‘Tis the season all over again. Only four years ago I found myself in the same position, sending in applications in the early winter and playing the long waiting game for decisions. It felt like ages waiting for an email with an update. Even emails that were sent because I suddenly was on the school’s email list were looked at with dismay. But now, at the beginning of March, the decisions are starting to roll in and my anxiety towards choosing the right school is growing.
I did not make the same mistake I did when applying to schools in high school. This time around, I am in a more financially stable place and am able to go to schools at a farther distance. I applied to schools in New York, Pennsylvania, Boston, and D.C. as well as schools in my home state, good old New Jersey. I even took a leap and applied to more competitive schools such as Boston University and American University because, well, you never know if you don’t try.
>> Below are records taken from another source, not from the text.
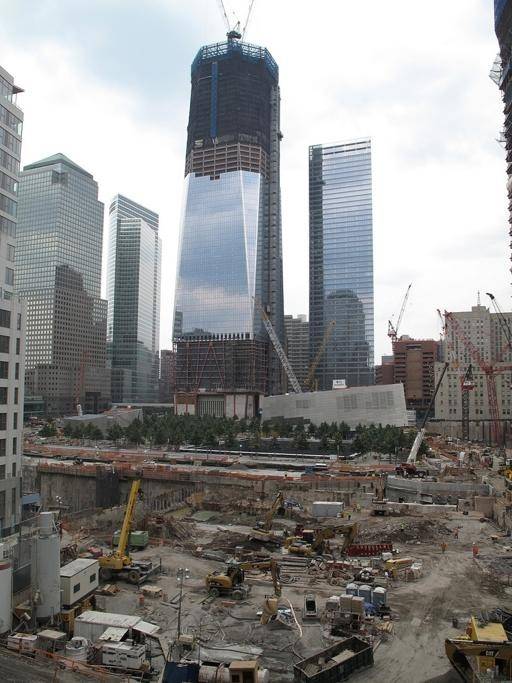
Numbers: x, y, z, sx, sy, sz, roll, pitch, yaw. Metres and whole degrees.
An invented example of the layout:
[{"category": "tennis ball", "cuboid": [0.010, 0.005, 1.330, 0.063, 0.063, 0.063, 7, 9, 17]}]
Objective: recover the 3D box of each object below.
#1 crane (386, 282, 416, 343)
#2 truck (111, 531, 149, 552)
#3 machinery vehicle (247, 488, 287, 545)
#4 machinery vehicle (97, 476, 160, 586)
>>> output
[{"category": "crane", "cuboid": [31.759, -4.052, 167.398, 2.757, 6.902, 16.948, -1, 26, 28]}, {"category": "truck", "cuboid": [-11.385, 18.047, 68.598, 2.829, 2.025, 2.056, -1, 0, 8]}, {"category": "machinery vehicle", "cuboid": [0.888, 16.542, 72.436, 2.653, 4.793, 6.444, 0, -4, 0]}, {"category": "machinery vehicle", "cuboid": [-10.535, 14.801, 59.997, 3.233, 7.635, 5.144, 0, -4, 4]}]

At this point in March, I have received a majority of responses. Some with acceptance, others with financial aid and, sadly, some without. At this point it is more about where I live and if I am able to pay for rent, tuition, and everything needed to actually live. While I am certainly glad I decided to apply to places that are more than a 40-minute drive, the anxiety I am getting from having to leave on of my two jobs makes me weary to choose the university’s that are out of state.
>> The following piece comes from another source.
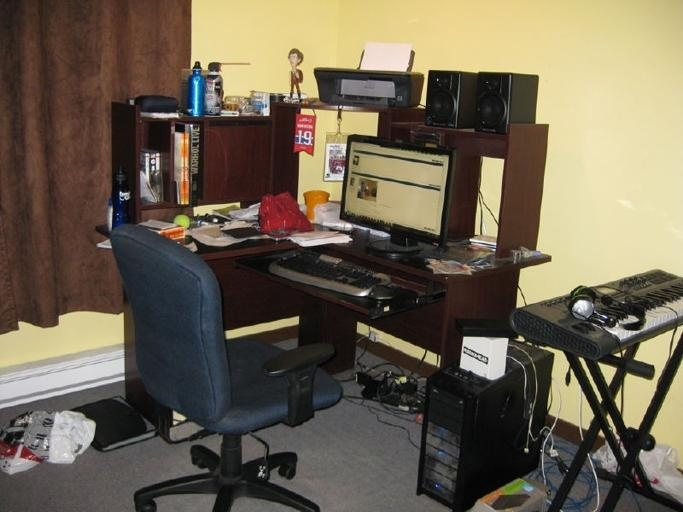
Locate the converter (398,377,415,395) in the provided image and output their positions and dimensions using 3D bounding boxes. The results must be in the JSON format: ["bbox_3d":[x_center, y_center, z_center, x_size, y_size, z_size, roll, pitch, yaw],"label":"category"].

I have planned to make my decision by the end of March and to take time to actually plan out the pros and cons of each school and living situations with each. And yes, weather is definitely something I am considering because I absolutely abhor the winter. The more south I go might be better than another Jersey winter. This is something that I picked up on as an undergraduate, the planning of course, not so much the weather. Especially now, it is not just me going to move, but also my boyfriend. It’s the first time I am going to need to consider sacrifices to make sure that we will both be okay and in a stable position economically.
While this anxiety may never fully go away, I am hoping that with enough planning (and the help of a lot of faith, trust, and pixie dust, Tink) that’ll I’ll be able to make the right decision.